Upon reaching a wet rushy spot in the swamp she saw the two Will-o'-wisps. They glided towards her, skipped up over her and laughed in their fashion.

The Will-o'-wisps said: "Lady Cousin you are of the horizontal line, yet what of that? It is true we are related only by the look; for observe you."

The Will-o'-wisps compressing their whole breadth, made themselves as high and as peaked as possible.

The Will-o'-wisps said: How prettily this taper length beseems us gentlemen of the vertical line! Take it not amiss of us, good lady; what family can boast of such a thing? Since there ever was a Jack-o'-lantern in the world, no one of them has either sat or lain."

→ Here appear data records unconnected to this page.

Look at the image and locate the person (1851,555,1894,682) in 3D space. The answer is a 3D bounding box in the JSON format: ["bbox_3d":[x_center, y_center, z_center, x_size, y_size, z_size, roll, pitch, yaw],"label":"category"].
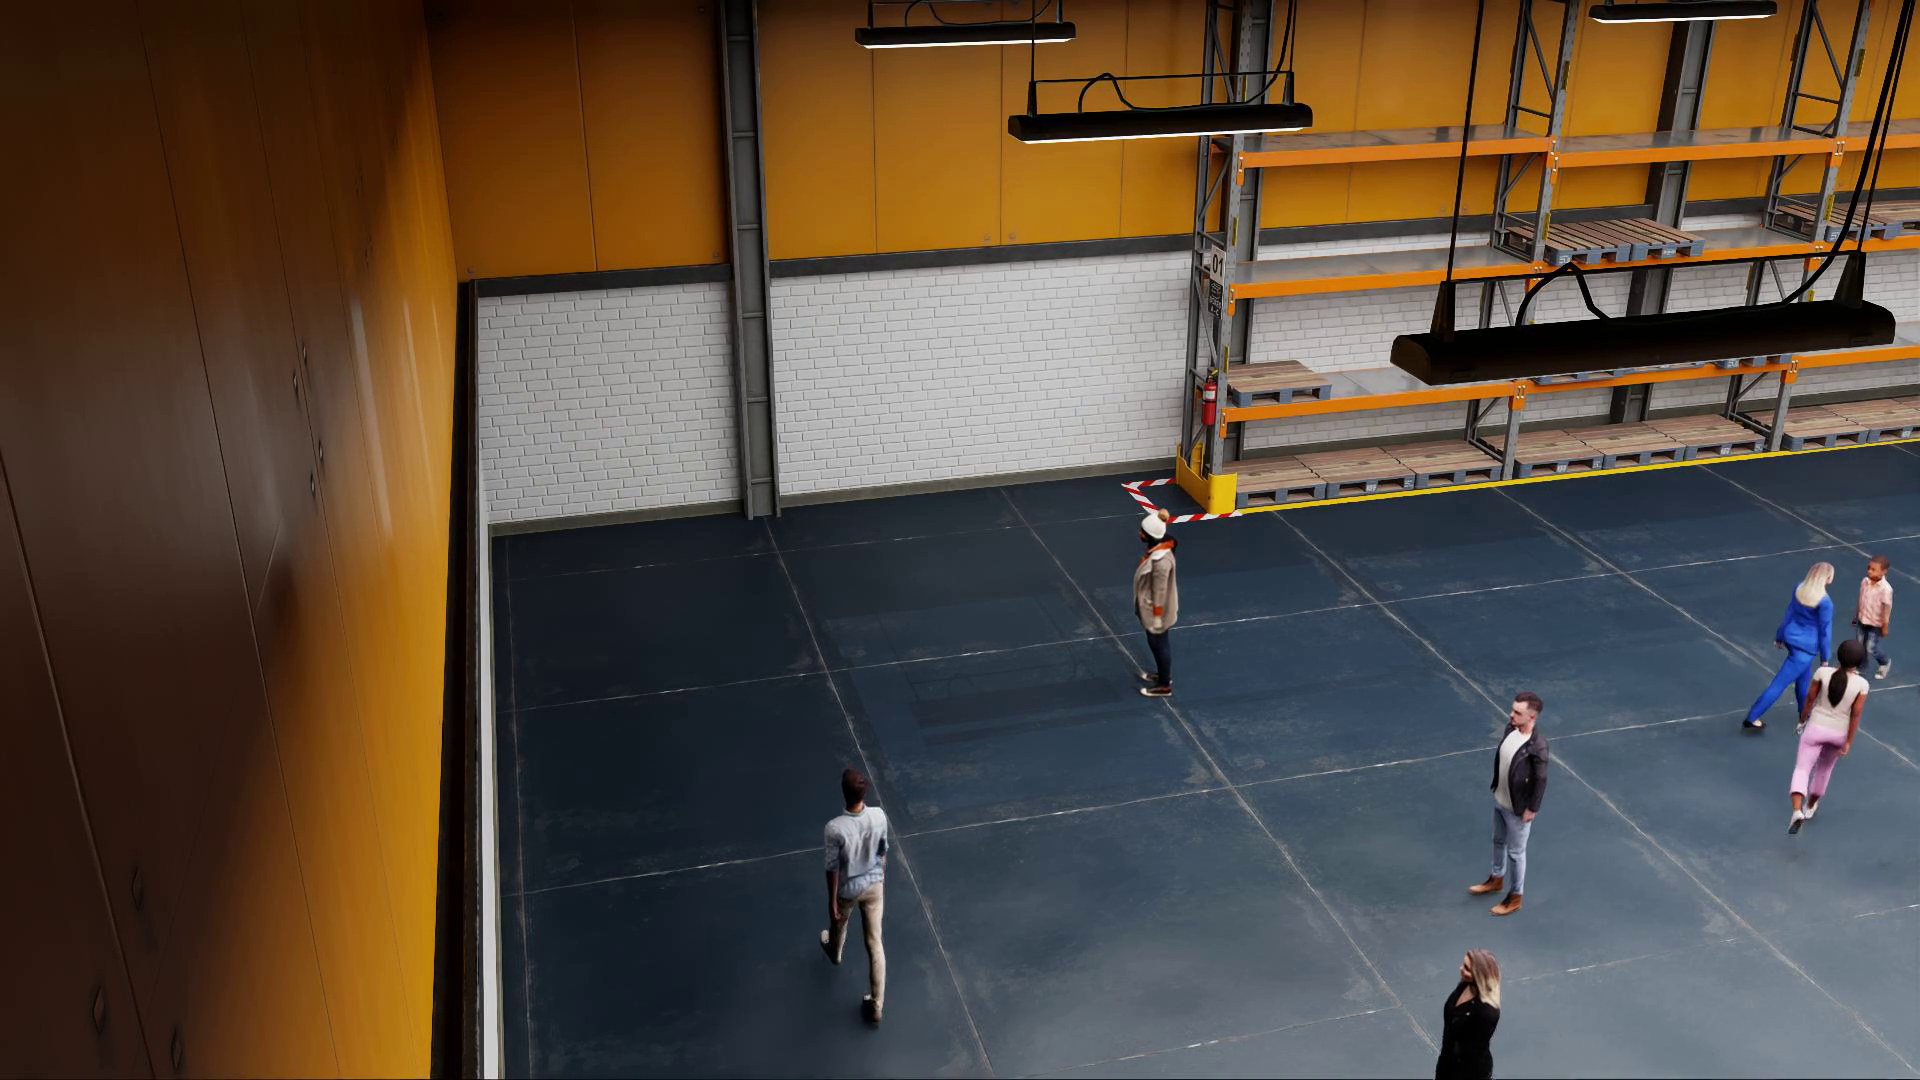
[{"bbox_3d":[8.837,0.757,16.006,0.637,1.297,0.524,-8,25,-18],"label":"person"}]

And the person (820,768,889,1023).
[{"bbox_3d":[-0.668,2.472,11.458,1.184,1.797,0.850,-10,26,-22],"label":"person"}]

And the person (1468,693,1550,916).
[{"bbox_3d":[4.199,1.967,12.565,0.511,1.836,0.647,-6,24,-14],"label":"person"}]

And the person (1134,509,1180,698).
[{"bbox_3d":[1.897,0.572,15.685,0.798,1.893,0.781,3,24,6],"label":"person"}]

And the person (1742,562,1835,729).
[{"bbox_3d":[7.500,1.002,15.005,1.149,1.650,0.718,-5,24,-10],"label":"person"}]

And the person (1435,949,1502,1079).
[{"bbox_3d":[3.096,3.172,9.999,0.604,1.684,0.668,-1,24,-3],"label":"person"}]

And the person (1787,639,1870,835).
[{"bbox_3d":[7.019,1.624,13.502,1.035,1.715,1.101,14,27,28],"label":"person"}]

The Snake felt exceedingly uncomfortable in the company of the Will-o'-wisp relations because as much as she could hold her head high she found she always had to bend it down to the earth again.

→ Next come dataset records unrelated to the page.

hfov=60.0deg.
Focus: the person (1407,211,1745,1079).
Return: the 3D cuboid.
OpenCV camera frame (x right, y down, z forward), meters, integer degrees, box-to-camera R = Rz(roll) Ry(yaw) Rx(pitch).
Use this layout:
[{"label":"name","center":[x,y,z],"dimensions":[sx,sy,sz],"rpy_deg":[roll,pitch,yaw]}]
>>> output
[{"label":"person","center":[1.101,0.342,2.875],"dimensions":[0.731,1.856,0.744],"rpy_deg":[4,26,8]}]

In this embarrassment the Snake asked, hastily, if the Will-o'-wisps could tell her where the gold came from. She thought it had been a golden shower from the sky. The Will-o'-wisps laughed, shook themselves and gold pieces came clinking down around them. The Snake pushed nimbly forward to eat the coins.

The dapper Will-o'-wisps said: "Much good may it do you, Mistress, we can help you to a little more."

The Snake could hardly keep up with eating the coins they scattered. Her splendour increased. She shined beautifully. In the meantime the Will-o'-wisps grew rather lean and short in stature.

The Snake said: "I am obliged to you forever, ask of me what you will; all that I can I will do."

The Will-o'-wisps replied: "Very good! Then tell us where the fair Lily dwells? Lead us to the fair Lily's palace and garden; do not lose a moment, we are dying of impatience to fall down at her feet."

The Snake with a deep sigh said: "This service I cannot now do for you. The fair Lily dwells, alas, on the other side of the water."

The Will-o'-wisps exclaimed: "Other side of the water? And we have come across it, this stormy night! How cruel is the River to divide us! Would it not be possible to call the old man back?"

The Snake said: "It would be useless for if you found him ready on the bank, he would not take you in; he can carry anyone to this side, none to yonder."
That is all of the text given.